As was the case with the R9 Fury X two weeks ago, overclockers looking at out of the box overclocking performance are going to come away disappointed with the R9 Fury cards. While cooling and power delivery are overbuilt on both the Asus and Sapphire cards, the R9 Fury is still very restricted when it comes to overclocking. There is no voltage control at this time (even unofficial) and the card’s voltage profile has been finely tuned to avoid needing to supply the card with more voltage than is necessary. As a result the card has relatively little overclocking potential without voltage adjustments.

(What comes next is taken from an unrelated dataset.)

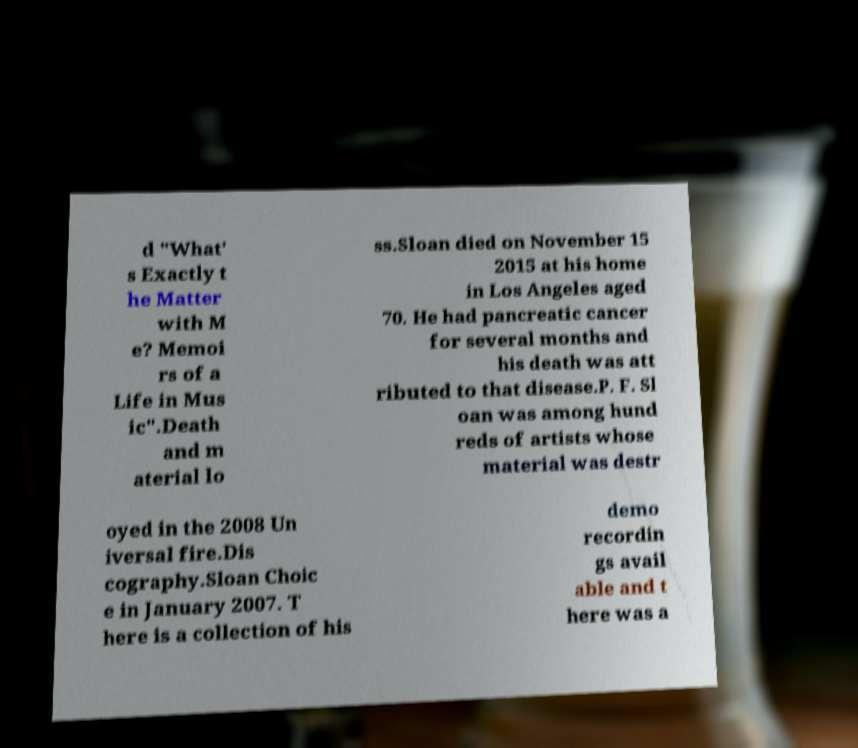Could you assist in decoding the text presented in this image and type it out clearly? d "What' s Exactly t he Matter with M e? Memoi rs of a Life in Mus ic".Death and m aterial lo ss.Sloan died on November 15 2015 at his home in Los Angeles aged 70. He had pancreatic cancer for several months and his death was att ributed to that disease.P. F. Sl oan was among hund reds of artists whose material was destr oyed in the 2008 Un iversal fire.Dis cography.Sloan Choic e in January 2007. T here is a collection of his demo recordin gs avail able and t here was a

Radeon R9 Fury Series Overclocking
  Ref. R9 Fury X ASUS R9 Fury Sapphire R9 Fury OC
Boost Clock 1125MHz 1075MHz 1100MHz
Memory Clock 1Gbps (500MHz DDR) 1.1Gbps (550MHz DDR) 1.1Gbps (550MHz DDR)
Power Limit 100% 115% 100%
Max Voltage 1.212v 1.169v 1.212v

Neither R9 Fury card is able to overclock as well as our R9 Fury X, indicating that these are likely lower quality (or lower headroom) chips. Ultimately we’re able to get another 75MHz out of the ASUS, for 1075MHz, and another 60MHz out of the Sapphire, for 1100MHz.

Meanwhile with unofficial memory overclocking support now attainable via MSI Afterburner, we’ve also tried our hand at memory overclocking. There’s not a ton of headroom here before artifacting sets in, but we were able to get another 10% (50MHz) out of both R9 Fury cards.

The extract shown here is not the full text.